- Sire: Bering
- Grandsire: Arctic Tern
- Dam: French Flick
- Damsire: Silent Screen
- Sex: Stallion
- Foaled: 3 March 1988
- Country: United States
- Colour: Chestnut
- Breeder: Pamela H Firman
- Owner: Charles St George Edward St George/ Lucayan Stud
- Trainer: Henry Cecil André Fabre David Loder Ron McAnally
- Record: 19: 5-1-1
- Earnings: £215,906

Major wins
- Somerville Tattersall Stakes (1990) Racing Post Trophy (1990)

= Peter Davies (horse) =

American-bred Thoroughbred racehorse

Peter Davies (3 March 1988 - after 2010) was an American-bred, British-trained Thoroughbred racehorse and sire. As a two-year-old in 1990 he was one of the best staying colts of his generation in Britain, winning all three of his races including the Somerville Tattersall Stakes and the Racing Post Trophy. He did not fulfil his early promise, failing to win a race in the next two seasons before winning twice as a five-year-old in 1993. He was later transferred to race in the United States and subsequently relocated to South Africa but had no further success before being retired from racing at the age of seven.

==Background==
Peter Davies was a chestnut horse with a white blaze and four long white socks bred in Kentucky at Pamela H Firman's Whileaway Farm. He was from the first crop of foals sired by Bering, who won the Prix du Jockey Club and finished second to Dancing Brave in the 1986 Prix de l'Arc de Triomphe. As a breeding stallion, the best of his offspring included Pennekamp, American Post, Glorosia and Matiara (Poule d'Essai des Pouliches). Peter Davies' dam French Flick was a successful racemare who won five of her thirty-three races between 1981 and 1983. She was a great-granddaughter of Lea Lark, an American broodmare whose other descendants have included Tobougg, Miswaki, Almutawakel, Southern Halo and White Muzzle.

As a yearling in September 1990, the colt was offered for sale at Keeneland and was bought for $20,000 by Jackie Ramos. He entered the ownership of Charles St George and was sent to Europe where he entered training with Henry Cecil at his Warren Place stable in Newmarket, Suffolk.

==Racing career==

===1990: two-year-old season===
Peter Davies began his racing career in a seven furlong maiden race at Leicester Racecourse on 11 September and started at odds of 5/1 in a twelve-runner field. Ridden as in all his races that year by Steve Cauthen he led from the start, accelerated approaching the final furlong and won "easily" by four lengths. He was then moved up in class for the Somerville Tattersall Stakes over the same distance at Newmarket Racecourse in which he was matched against Bog Trotter, the winner of the Champagne Stakes.
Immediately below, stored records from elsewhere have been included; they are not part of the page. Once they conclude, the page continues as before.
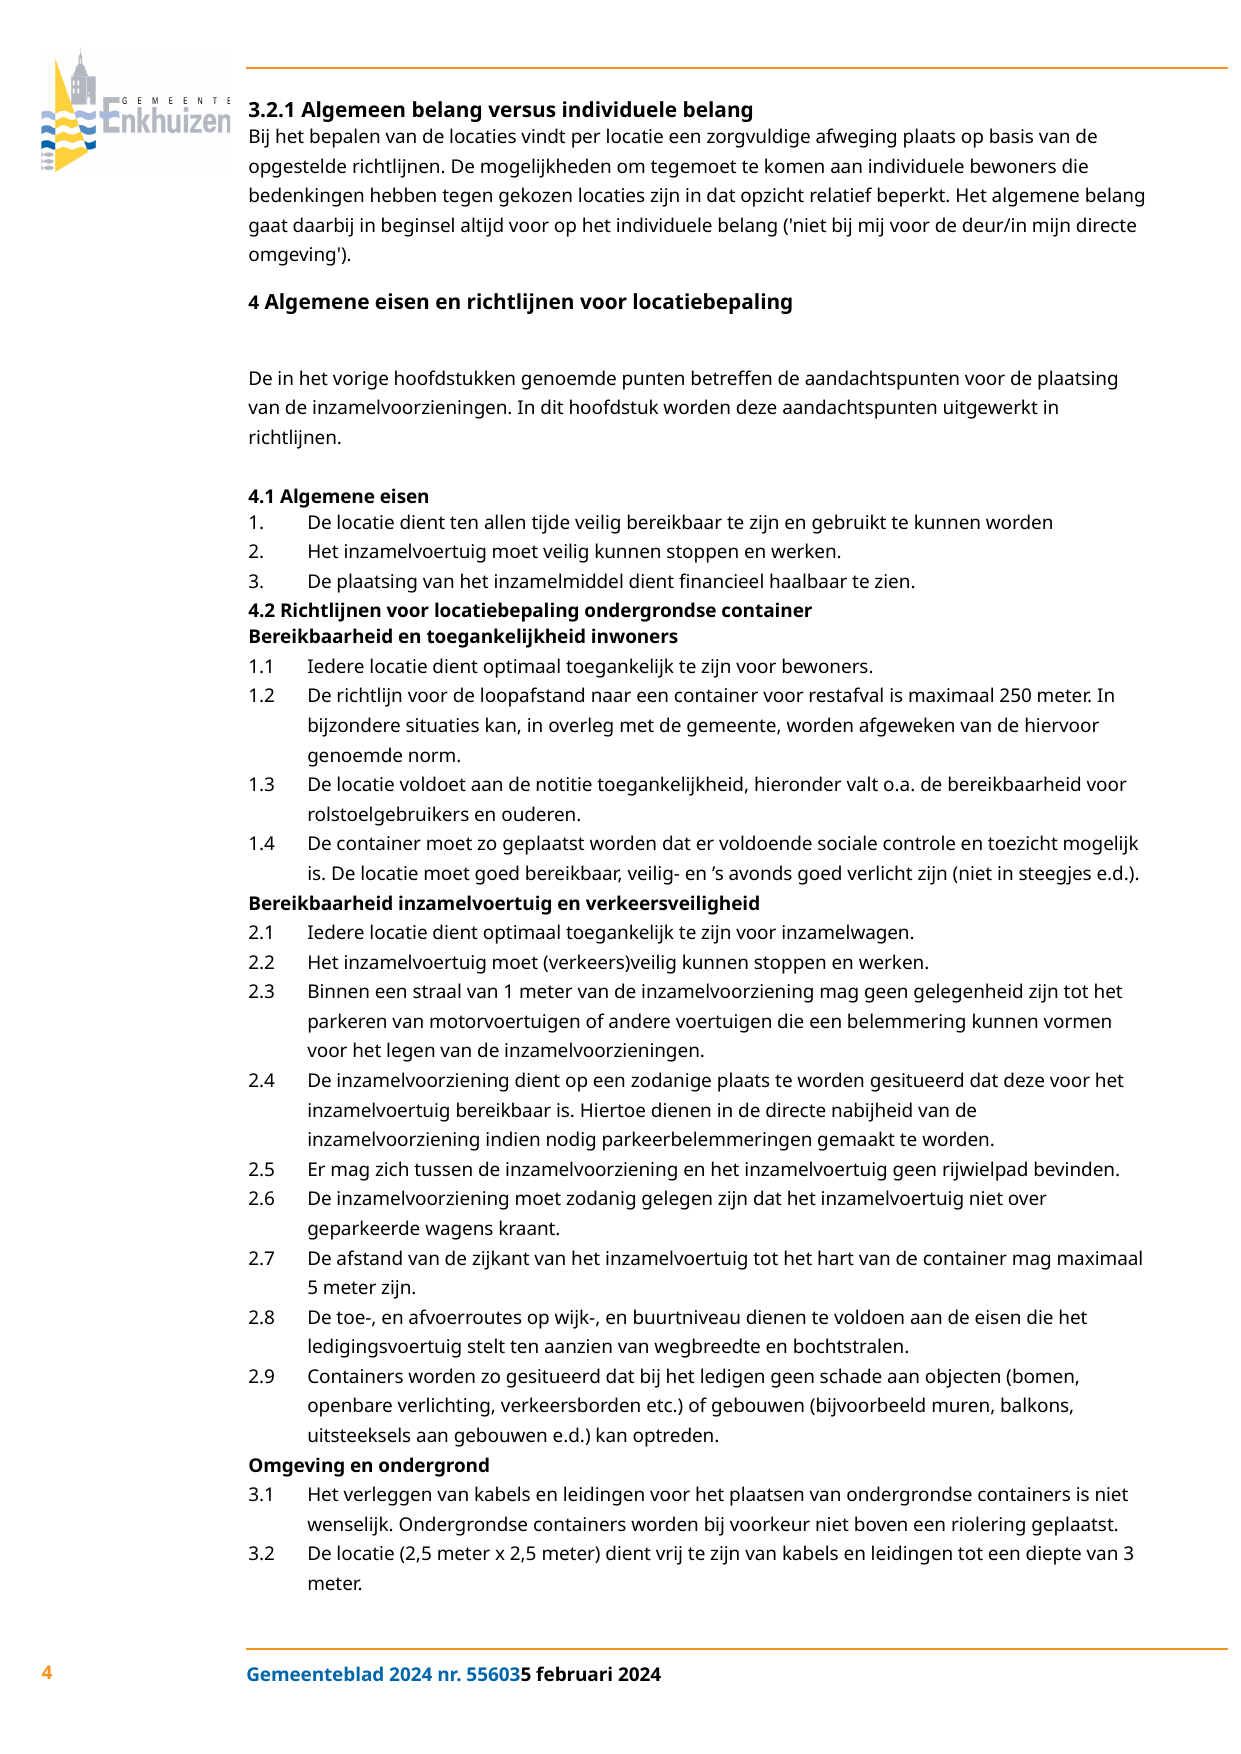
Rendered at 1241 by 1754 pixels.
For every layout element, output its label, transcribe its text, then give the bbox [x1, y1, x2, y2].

text 4 Algemene eisen en richtlijnen voor locatiebepaling [248, 287, 1152, 316]
text Omgeving en ondergrond [248, 1452, 1152, 1477]
list Binnen een straal van 1 meter van de inzamelvoorziening mag geen gelegenheid zijn tot het parkeren van motorvoertuigen of andere voertuigen die een belemmering kunnen vormen voor het legen van de inzamelvoorzieningen. [248, 978, 1152, 1063]
list De plaatsing van het inzamelmiddel dient financieel haalbaar te zien. [248, 568, 1152, 594]
list De inzamelvoorziening dient op een zodanige plaats te worden gesitueerd dat deze voor het inzamelvoertuig bereikbaar is. Hiertoe dienen in de directe nabijheid van de inzamelvoorziening indien nodig parkeerbelemmeringen gemaakt te worden. [248, 1067, 1152, 1152]
text 4.1 Algemene eisen [248, 483, 1152, 509]
list De locatie dient ten allen tijde veilig bereikbaar te zijn en gebruikt te kunnen worden [248, 509, 1152, 535]
list Iedere locatie dient optimaal toegankelijk te zijn voor bewoners. [248, 653, 1152, 679]
list Containers worden zo gesitueerd dat bij het ledigen geen schade aan objecten (bomen, openbare verlichting, verkeersborden etc.) of gebouwen (bijvoorbeeld muren, balkons, uitsteeksels aan gebouwen e.d.) kan optreden. [248, 1363, 1152, 1448]
text Bereikbaarheid en toegankelijkheid inwoners [248, 623, 1152, 649]
picture [41, 47, 231, 172]
text 3.2.1 Algemeen belang versus individuele belang [248, 95, 1152, 123]
text Bereikbaarheid inzamelvoertuig en verkeersveiligheid [248, 890, 1152, 915]
list De inzamelvoorziening moet zodanig gelegen zijn dat het inzamelvoertuig niet over geparkeerde wagens kraant. [248, 1186, 1152, 1241]
list De toe-, en afvoerroutes op wijk-, en buurtniveau dienen te voldoen aan de eisen die het ledigingsvoertuig stelt ten aanzien van wegbreedte en bochtstralen. [248, 1304, 1152, 1359]
text De in het vorige hoofdstukken genoemde punten betreffen de aandachtspunten voor de plaatsing van de inzamelvoorzieningen. In dit hoofdstuk worden deze aandachtspunten uitgewerkt in richtlijnen. [248, 365, 1152, 450]
text 4.2 Richtlijnen voor locatiebepaling ondergrondse container [248, 598, 1152, 623]
list De container moet zo geplaatst worden dat er voldoende sociale controle en toezicht mogelijk is. De locatie moet goed bereikbaar, veilig- en ’s avonds goed verlicht zijn (niet in steegjes e.d.). [248, 831, 1152, 886]
list Iedere locatie dient optimaal toegankelijk te zijn voor inzamelwagen. [248, 919, 1152, 945]
text Bij het bepalen van de locaties vindt per locatie een zorgvuldige afweging plaats op basis van de opgestelde richtlijnen. De mogelijkheden om tegemoet te komen aan individuele bewoners die bedenkingen hebben tegen gekozen locaties zijn in dat opzicht relatief beperkt. Het algemene belang gaat daarbij in beginsel altijd voor op het individuele belang ('niet bij mij voor de deur/in mijn directe omgeving'). [248, 123, 1152, 267]
list Het verleggen van kabels en leidingen voor het plaatsen van ondergrondse containers is niet wenselijk. Ondergrondse containers worden bij voorkeur niet boven een riolering geplaatst. [248, 1481, 1152, 1537]
list Het inzamelvoertuig moet veilig kunnen stoppen en werken. [248, 538, 1152, 564]
list De afstand van de zijkant van het inzamelvoertuig tot het hart van de container mag maximaal 5 meter zijn. [248, 1245, 1152, 1300]
list De locatie (2,5 meter x 2,5 meter) dient vrij te zijn van kabels en leidingen tot een diepte van 3 meter. [248, 1541, 1152, 1596]
list De locatie voldoet aan de notitie toegankelijkheid, hieronder valt o.a. de bereikbaarheid voor rolstoelgebruikers en ouderen. [248, 771, 1152, 827]
list De richtlijn voor de loopafstand naar een container voor restafval is maximaal 250 meter. In bijzondere situaties kan, in overleg met de gemeente, worden afgeweken van de hiervoor genoemde norm. [248, 683, 1152, 767]
list Er mag zich tussen de inzamelvoorziening en het inzamelvoertuig geen rijwielpad bevinden. [248, 1156, 1152, 1182]
list Het inzamelvoertuig moet (verkeers)veilig kunnen stoppen en werken. [248, 949, 1152, 974]
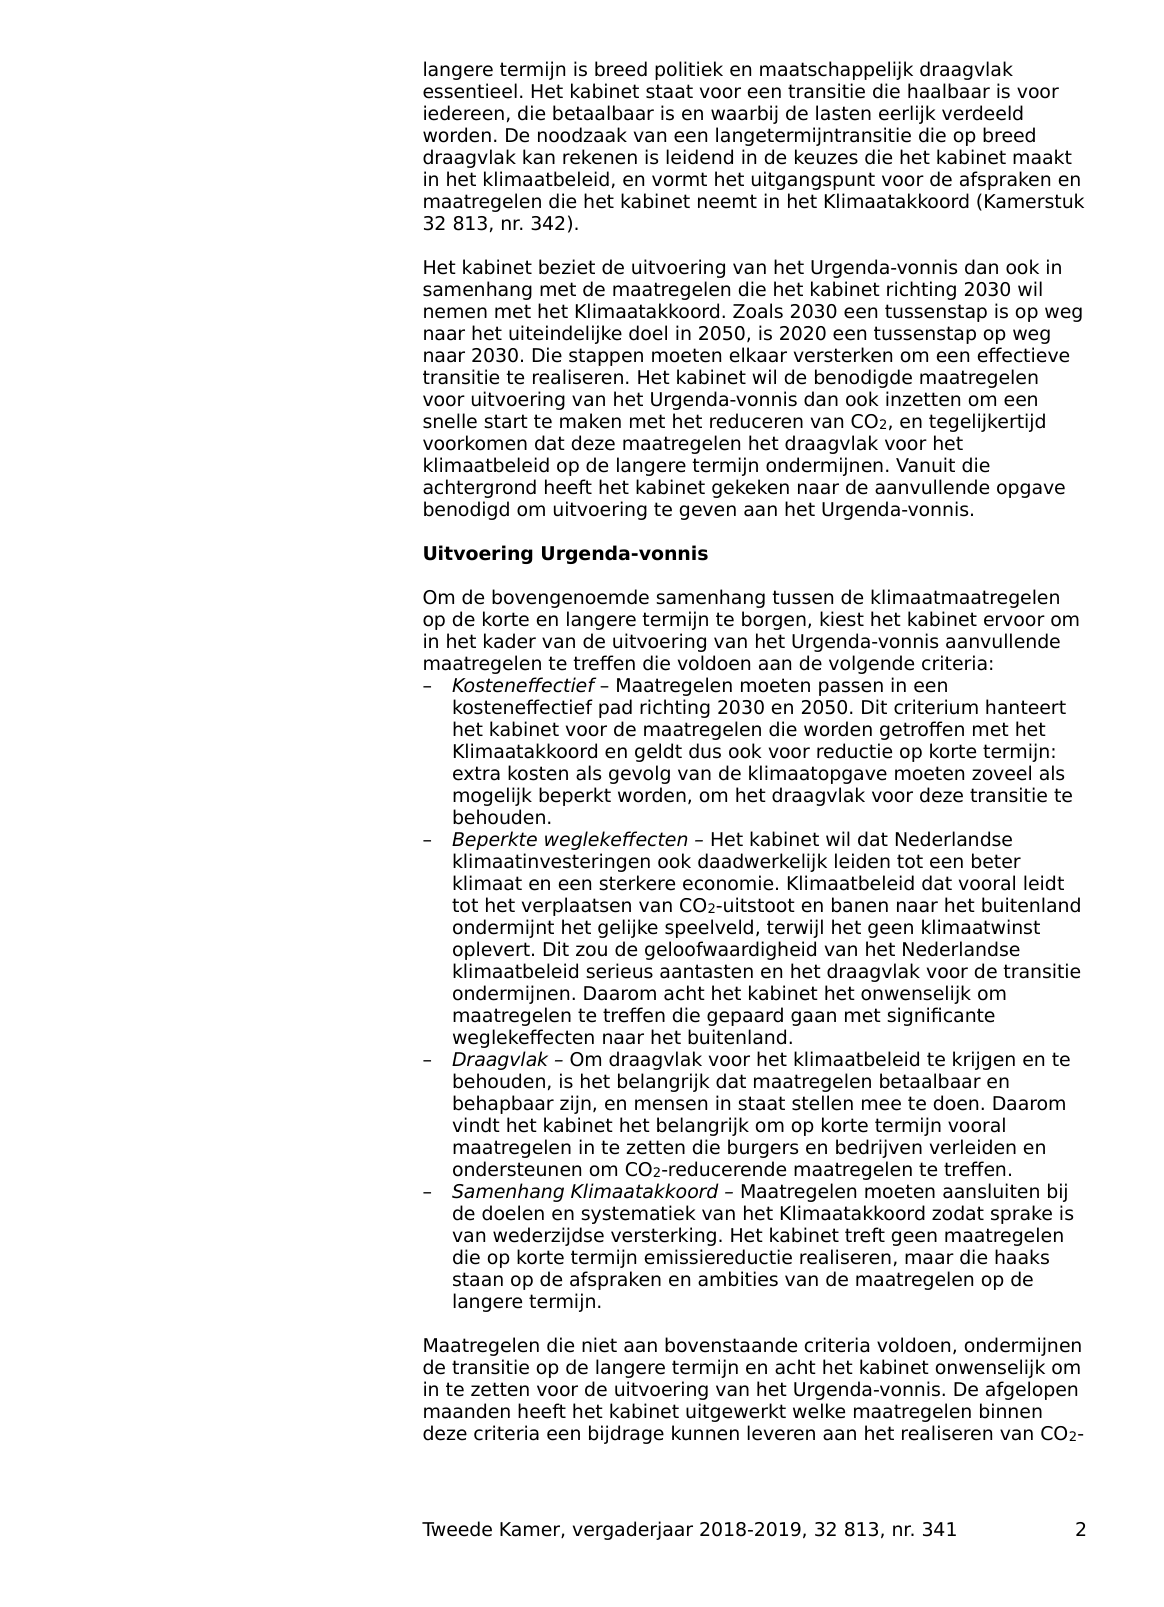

After racing in second place behind the outsider Regal Crest, he went to the front a furlong out and won by two lengths from Bog Trotter.

The Racing Post Trophy over one mile at Doncaster Racecourse on 27 October saw Peter Davies stepping up to Group One level and starting the 2/1 joint favourite alongside Mujaazif, the Michael Stoute-trained winner of the Royal Lodge Stakes. The only other two runners were the Vintage Stakes winner Mukaddamah and the Barry Hills-trained Marcham, the winner of his only previous start. After leading from the start, Peter Davies was overtaken by Mukaddamah two furlongs out, but rallied strongly in the closing stages, regained the advantage in the final stride and won by a short head. Marcham was four lengths back in third whilst Mujaazif finished tailed off.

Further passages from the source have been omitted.